Class: Nonsteroidal aromatase inhibitor

Action A nonsteroidal competitive inhibitor of the aromatase enzyme system; it inhibits the conversion of androgens to estrogens. Elimination half-life is approximately 2 days. It is weakly protein bound. Renal excretion is the major pathway of letrozole clearance.

Indications Advanced breast cancer in postmenopausal women with disease progression following antiestrogen therapy; first-line treatment of postmenopausal women with hormone receptor positive or hormone receptor unknown locally advanced or metastatic cancer.

Contraindications Standard considerations.

Route/Dosage

Breast Cancer Adults: PO 2.5 mg once daily (tablets).

Interactions

Contraceptives, oral May alter the efficacy of oral contraceptives.

Tamoxifen Plasma concentrations of letrozole may be decreased.

Lab Test Interferences None well documented.

Adverse Reactions

CARDIOVASCULAR: Chest pain; hypertension; peripheral edema.

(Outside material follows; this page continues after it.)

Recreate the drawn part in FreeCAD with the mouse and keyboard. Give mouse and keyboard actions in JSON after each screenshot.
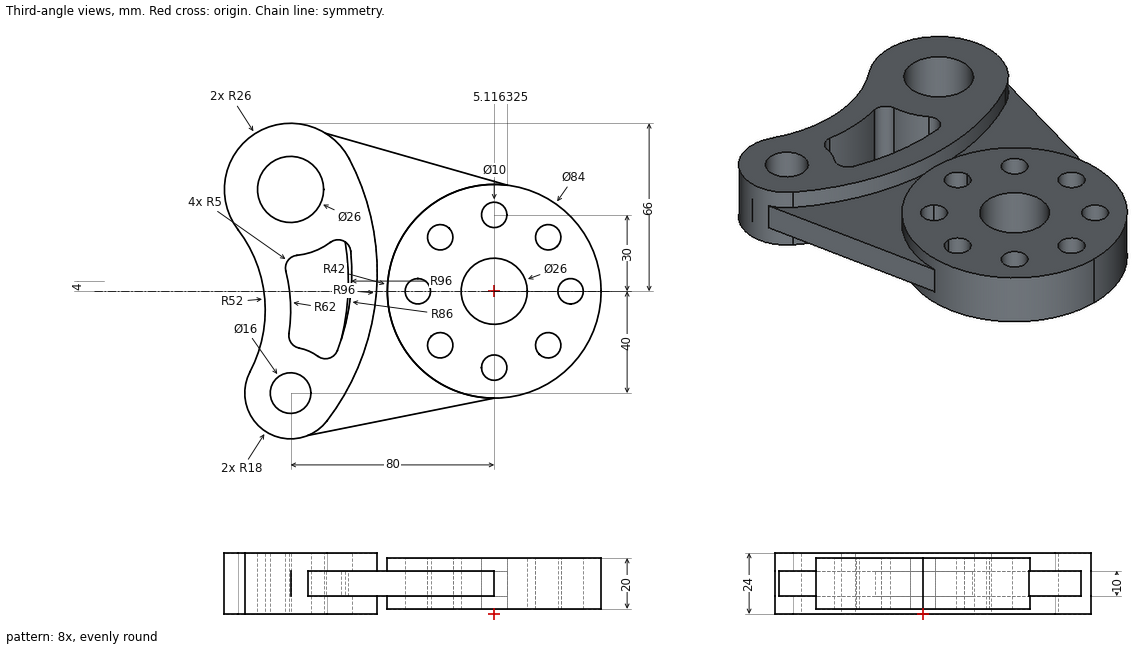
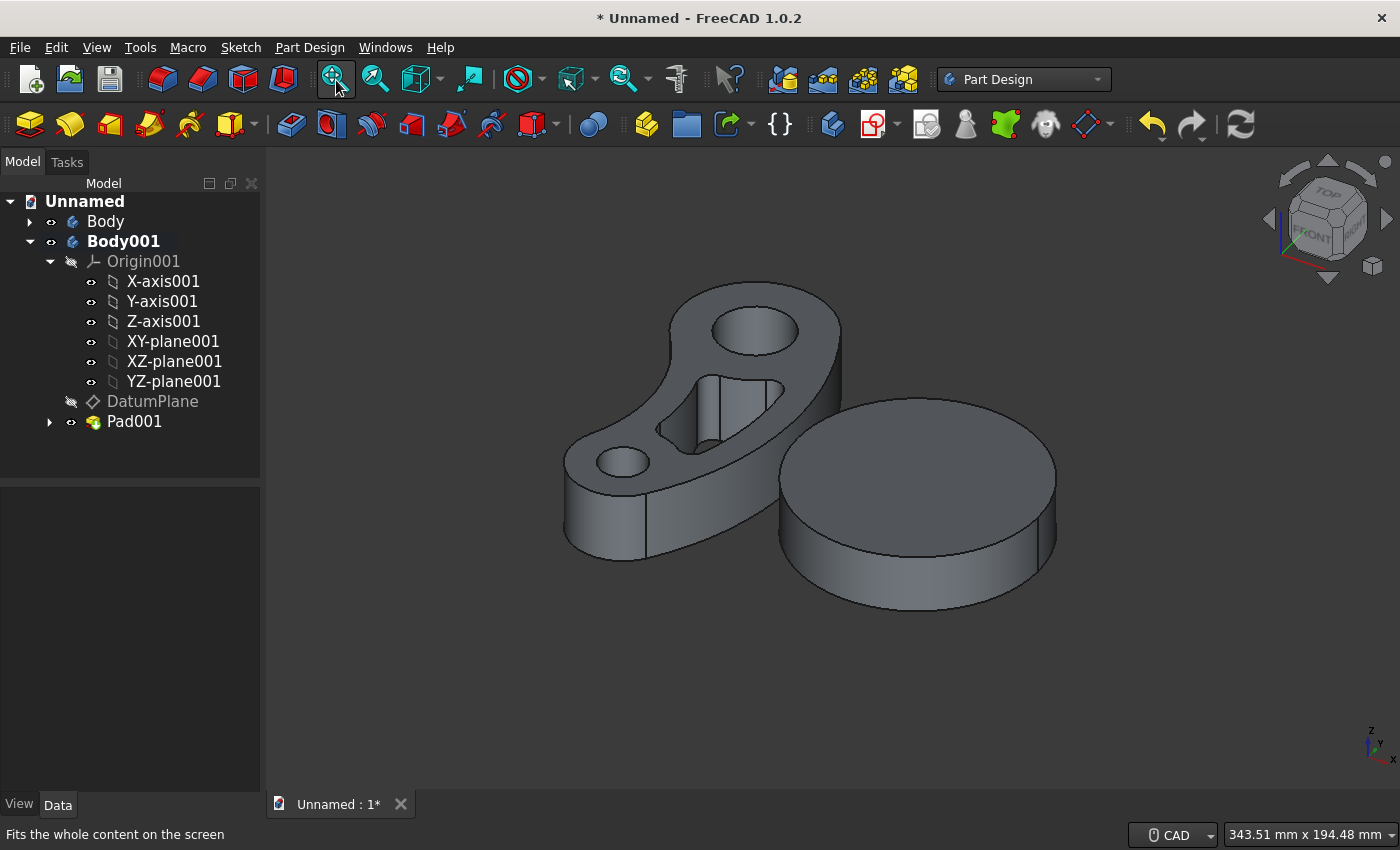
{"action": "double_click", "coordinate": [96, 222]}

CNS: Decreased appetite; fatigue; headache; insomnia; somnolence; dizziness; asthenia; weakness. DERMATOLOGIC: Rash; pruritis; alopecia. GI: Nausea and vomiting; constipation; diarrhea; abdominal pain; anorexia; dyspepsia. GU: Sexual inactivity; atrophy of the female reproductive organs; breast pain. METABOLIC: Hot flashes; weight gain; hypercholesterolemia; weight loss. RESPIRATORY: Dyspnea; coughing. OTHER: Viral infections; musculoskeletal pain; arthralgia; flu-like symptoms.

Precautions

Pregnancy: Category D. Lactation: Undetermined. Children: Safety and efficacy not established. Hepatic function impairment: Use caution in patients with severe hepatic dysfunction.

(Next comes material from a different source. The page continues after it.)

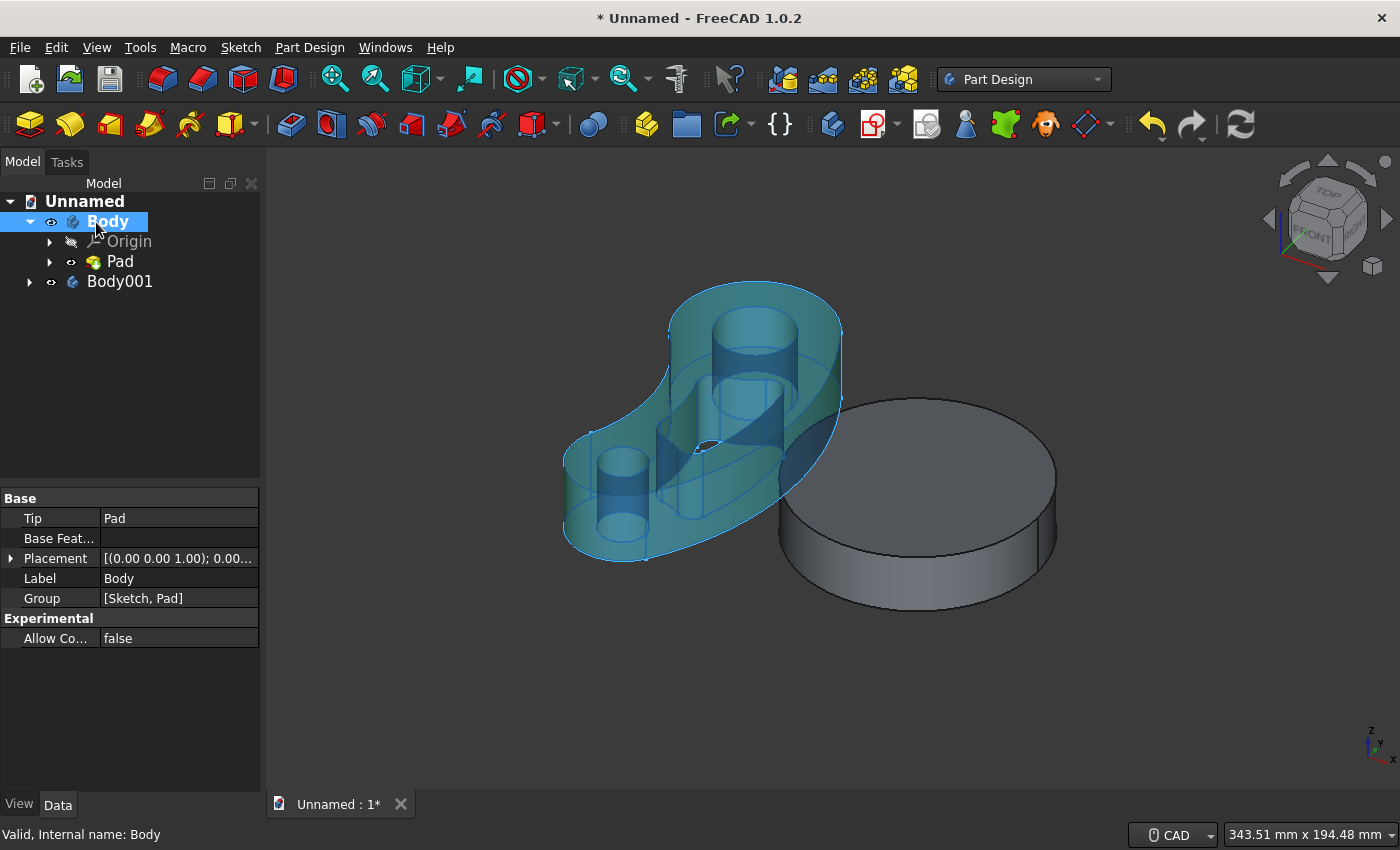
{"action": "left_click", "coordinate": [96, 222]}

PATIENT CARE CONSIDERATIONS

Administration/Storage

Store at controlled room temperature (59° and 86°F).
Administer PO; may be taken without regard to meals.

Assessment/Interventions

Obtain patient history, including drug history and any known allergies. Note history of liver disease.
Monitor for GI, CNS, musculoskeletal, and general body side effects. Inform health care provide if noted and significant.

Patient/Family Education

Explain name, dose, action, and potential side effects of drug.
Review dosing schedule with patient.
Advise patient that medication can be taken without regard to meals, but to take with food if GI upset occurs.
Advise patient that if a dose is missed, take it as soon as possible, but if close to the next dose, do not double the dose to catch up and take the next dose as scheduled.
Advise patient to report persistent or intolerable side effects to health care provider.
Instruct patient to not take any prescription or OTC medications or dietary supplements unless advised to do so by the health care provider.
Advise patient that follow-up examinations and lab tests will be required to monitor therapy and to keep appointments.